* chash.c
* concurrent hash tables
*
- * The goal of this module is to implement a hash table that can be
- * searched without any locking at all and updated with minimal locking.
- * While a fully lock-free (or, better still, wait-free) hash table seems
- * very desirable, currently known techniques require memory management
- * techniques that are either very complex or difficult to implement in
- * the context of a fixed-size shared memory segment.
+ * A concurrent hash table stores a collection of fixed-size objects.
+ * From the point of view of this module, such objects are merely an
+ * opaque array of bytes, but the caller will typically implement them as
+ * a C "struct". Some fixed-size, leading portion of each object is
+ * designated as the key, which must be distinct for all objects in the
+ * collection. Since PostgreSQL's shared memory model does not permit
+ * dynamic shared-memory allocation, we preallocate shared-memory space
+ * for the maximum number of entities which can be stored (plus a few
+ * extra, for reasons that will be further explained below). This space
+ * is allocated as a single large array called the arena, and we often
+ * refer to entities by their position in the arena rather than via an
+ * ordinary pointer. This saves a considerable amount of memory, since
+ * most modern architectures are 64-bit and therefore use 8-byte pointers,
+ * while arena offsets can be stored in a 32-bit word. In fact, we
+ * reserve one bit in each such word as a mark bit, so the maximum size
+ * of the arena is 2^31 elements, a restriction that does not currently
+ * appear to be problematic.
+ *
+ * When an element is inserted, we copy the data from the backend-private
+ * object supplied by the caller into one of these shared-memory entities.
+ * When the hash table is searched, the caller passes a backend-private
+ * entity with just the key filled in; if a matching element is found,
+ * data is copied from the shared memory entity into the non-key portion
+ * of the user-supplied entity.
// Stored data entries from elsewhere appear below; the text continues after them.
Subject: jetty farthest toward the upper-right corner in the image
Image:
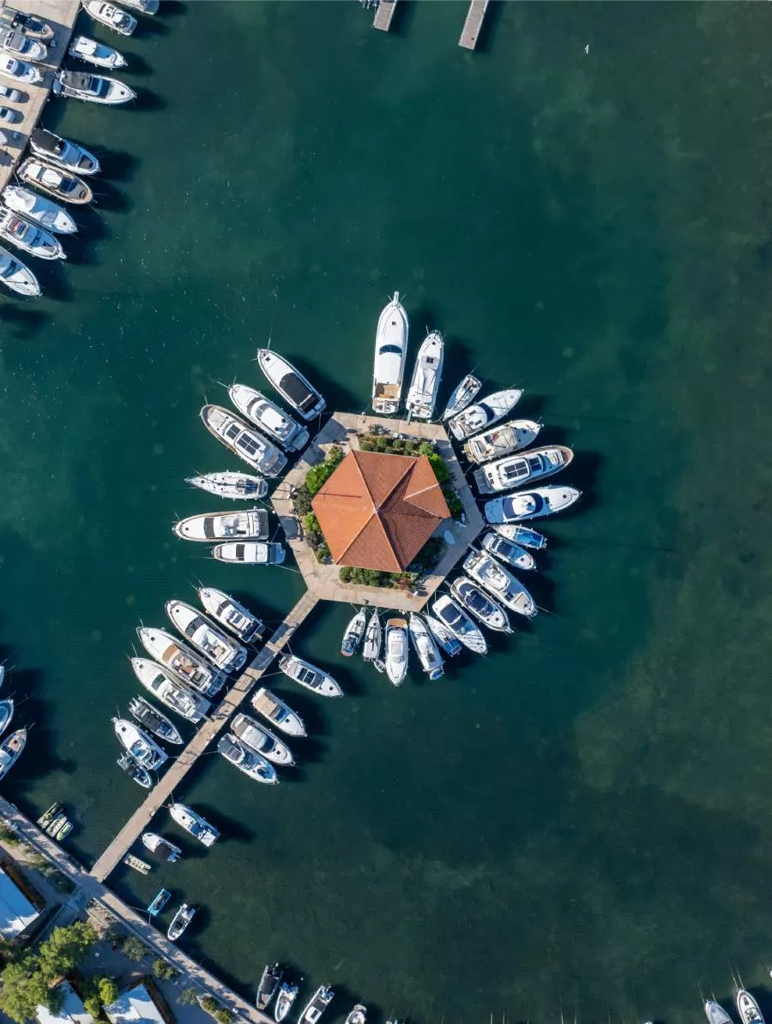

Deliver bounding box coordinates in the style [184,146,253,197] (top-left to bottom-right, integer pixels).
[458,0,493,53]
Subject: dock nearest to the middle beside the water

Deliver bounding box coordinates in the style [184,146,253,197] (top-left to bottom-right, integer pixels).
[271,412,484,611]
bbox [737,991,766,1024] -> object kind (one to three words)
boat
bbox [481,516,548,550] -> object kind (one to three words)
boat
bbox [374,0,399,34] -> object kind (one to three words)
pier
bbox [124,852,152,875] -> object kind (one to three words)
pier
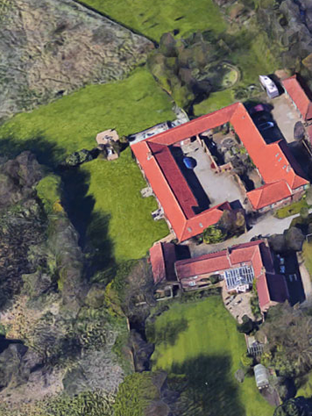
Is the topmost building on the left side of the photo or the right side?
right
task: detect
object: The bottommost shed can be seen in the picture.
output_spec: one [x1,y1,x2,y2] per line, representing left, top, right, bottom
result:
[253,366,267,395]
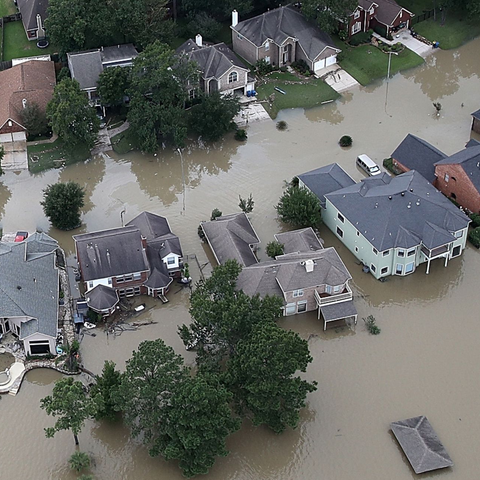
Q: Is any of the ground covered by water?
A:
Yes
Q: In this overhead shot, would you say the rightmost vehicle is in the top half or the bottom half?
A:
top
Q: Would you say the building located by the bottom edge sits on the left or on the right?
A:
right
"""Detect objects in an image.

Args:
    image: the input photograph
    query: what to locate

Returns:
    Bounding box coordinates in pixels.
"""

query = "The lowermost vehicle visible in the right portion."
[353,148,381,172]

In this way, clients of this module
+ * never use pointers into shared memory directly.
+ *
+ * As normal, we structure the hash table as an array of buckets, whose
+ * size is always a power of two, so that the low-order bytes of the
+ * hash code can be used to select a bucket. If multiple entities has
+ * to the same bucket, we use separate chaining: each entity in the
+ * arena has an 8-byte header that stores the 4-byte arena offset of the
+ * next item in the bucket and the hash value of the entity's key.
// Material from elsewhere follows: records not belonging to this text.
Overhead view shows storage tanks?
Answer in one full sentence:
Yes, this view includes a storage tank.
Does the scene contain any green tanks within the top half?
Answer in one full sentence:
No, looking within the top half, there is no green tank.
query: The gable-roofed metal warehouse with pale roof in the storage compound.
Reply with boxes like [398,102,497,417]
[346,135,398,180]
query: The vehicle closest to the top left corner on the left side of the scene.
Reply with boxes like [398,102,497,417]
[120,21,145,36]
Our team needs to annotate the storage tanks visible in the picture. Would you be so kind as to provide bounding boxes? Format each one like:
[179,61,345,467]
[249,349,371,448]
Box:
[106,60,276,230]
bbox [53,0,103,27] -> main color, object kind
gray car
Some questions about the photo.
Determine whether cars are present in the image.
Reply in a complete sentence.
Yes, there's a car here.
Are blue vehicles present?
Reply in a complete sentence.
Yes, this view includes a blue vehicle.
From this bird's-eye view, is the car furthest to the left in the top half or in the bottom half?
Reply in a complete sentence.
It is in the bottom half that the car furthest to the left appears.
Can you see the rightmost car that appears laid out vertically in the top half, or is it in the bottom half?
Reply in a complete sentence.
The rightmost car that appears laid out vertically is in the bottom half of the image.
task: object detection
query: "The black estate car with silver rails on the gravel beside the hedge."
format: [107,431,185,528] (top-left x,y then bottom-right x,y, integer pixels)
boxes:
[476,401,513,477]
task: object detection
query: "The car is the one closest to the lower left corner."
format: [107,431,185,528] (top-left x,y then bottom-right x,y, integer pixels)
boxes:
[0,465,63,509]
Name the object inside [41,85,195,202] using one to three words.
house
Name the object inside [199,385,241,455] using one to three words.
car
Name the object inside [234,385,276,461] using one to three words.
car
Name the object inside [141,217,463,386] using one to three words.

+ * Bucket chains are maintained in order by ascending hash value and
+ * then by ascending entity key (as per memcmp) so that there is
+ * precisely one legal location at which a given new item can be inserted
+ * into a bucket.
+ *
+ * For good concurrency, it seems essential to avoid locking buckets
+ * while they are being scanned. Taking even a shared LWLock or similar
+ * still means acquiring and releasing a spinlock, with is both
+ * inefficient in terms of raw cycles and a potential contention point.
+ * Thus, we decree that readers must be able to scan bucket chains without
+ * executing any atomic operations either before, during, or after the
+ * scan. Writers necessarily require some locking; for now, each bucket
+ * has a separate spinlock which must be taken to modify that bucket chain,
+ * but not when reading it. In the future, we might further adapt this
+ * code to instead use compare-and-swap where available.
+ *
+ * Even after an entity has been deleted from a bucket chain, it is still
+ * possible that some other backend holds a pointer to it from a bucket
+ * chain traversal which began before the deletion was carried out.
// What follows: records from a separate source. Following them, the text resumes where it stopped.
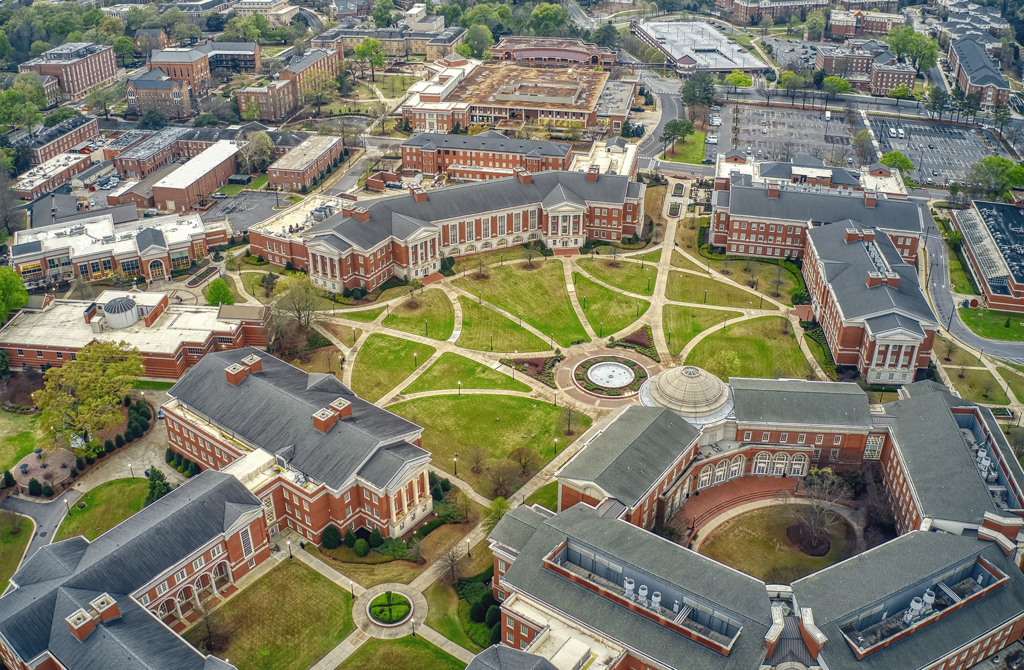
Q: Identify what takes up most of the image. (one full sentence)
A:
The largest share of the image is taken up by buildings.
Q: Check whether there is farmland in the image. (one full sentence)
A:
No, no farmland is visible.
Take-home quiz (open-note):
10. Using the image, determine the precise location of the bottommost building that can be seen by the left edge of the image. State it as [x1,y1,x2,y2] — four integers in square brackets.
[0,469,271,670]
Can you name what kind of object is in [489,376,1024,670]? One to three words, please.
building
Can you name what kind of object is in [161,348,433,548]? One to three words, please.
building
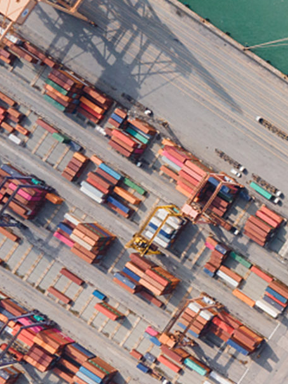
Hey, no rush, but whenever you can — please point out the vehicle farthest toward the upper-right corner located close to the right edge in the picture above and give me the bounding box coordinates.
[257,117,288,139]
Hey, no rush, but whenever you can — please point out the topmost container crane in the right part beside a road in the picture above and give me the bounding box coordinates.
[180,172,242,227]
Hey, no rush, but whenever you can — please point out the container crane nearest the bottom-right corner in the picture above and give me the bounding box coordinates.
[157,292,220,350]
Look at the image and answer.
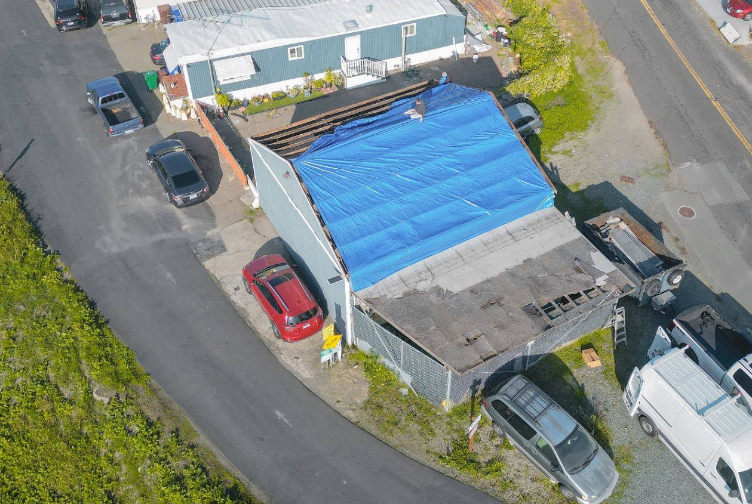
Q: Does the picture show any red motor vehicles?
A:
Yes
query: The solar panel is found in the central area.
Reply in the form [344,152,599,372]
[328,265,345,287]
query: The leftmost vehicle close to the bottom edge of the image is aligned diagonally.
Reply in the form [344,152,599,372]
[480,371,626,504]
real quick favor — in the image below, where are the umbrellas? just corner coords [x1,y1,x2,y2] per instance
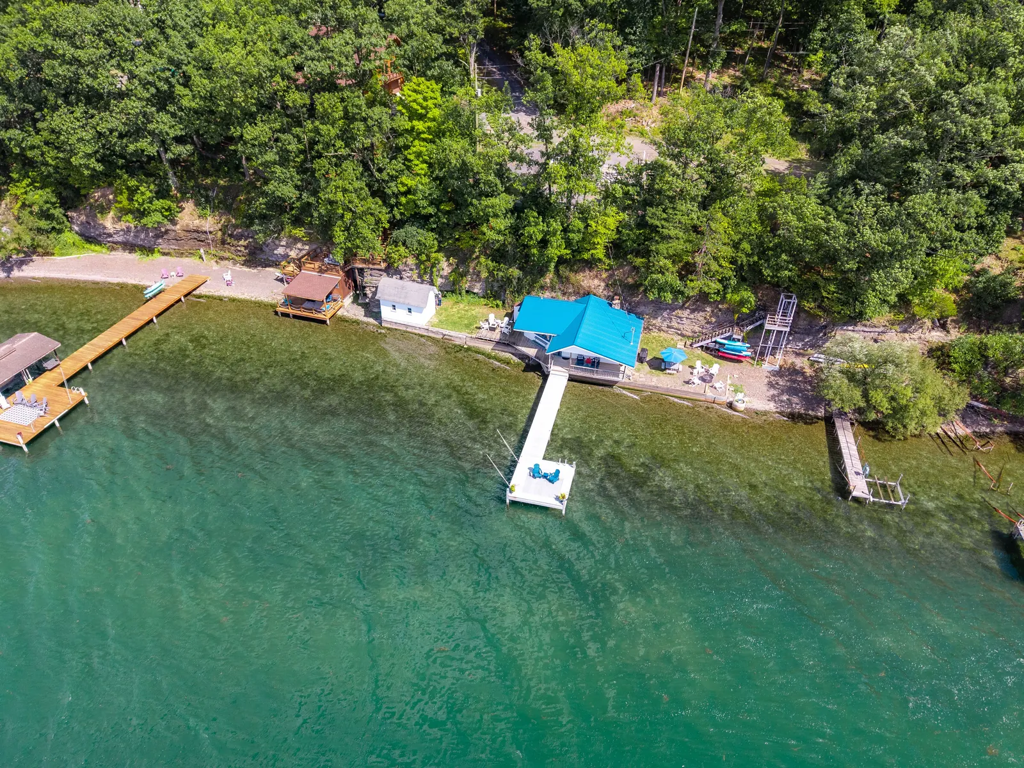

+ * Thus, we cannot recycle the block of memory used by an entity for a
+ * new and unrelated entity until we can guarantee that no private
+ * references to it remain. Instead, we add the entity to one of several
+ * "garbage lists" of items removed from bucket chains that are not yet
+ * known to be recyclable. Periodically, we move items from garbage lists
+ * to free lists from which they can be reallocated. This is accomplished
+ * by having each backend which wishes to scan a bucket store the hash
+ * table id and bucket identifier in a per-backend slot in shared memory
+ * before it begins scanning the bucket and clear the value only after it
+ * finishes scanning the bucket, so that it is possible for another
+ * backend to wait (by spinning) for all backends in the process of
+ * scanning a bucket to finish doing so. To make sure we don't need to
+ * garbage-collect too often, we allocate a slightly larger arena than
+ * the caller's stated maximum size.
*
* Portions Copyright (c) 1996-2012, PostgreSQL Global Development Group
* Portions Copyright (c) 1994, Regents of the University of California
#include "postgres.h"
+#include "miscadmin.h"
#include "storage/shmem.h"
#include "storage/spin.h"
#include "utils/chash.h"
+#include "utils/memutils.h"
/*
- * The memory needed to store the entries in a hash table is preallocated in
- * a single chunk called the arena. We refer to entries using a CHashPtr
- * rather than an ordinary pointer. One bit of each CHashPtr is reserved for
- * use as a "mark" bit, which is used to implement concurrent deletion.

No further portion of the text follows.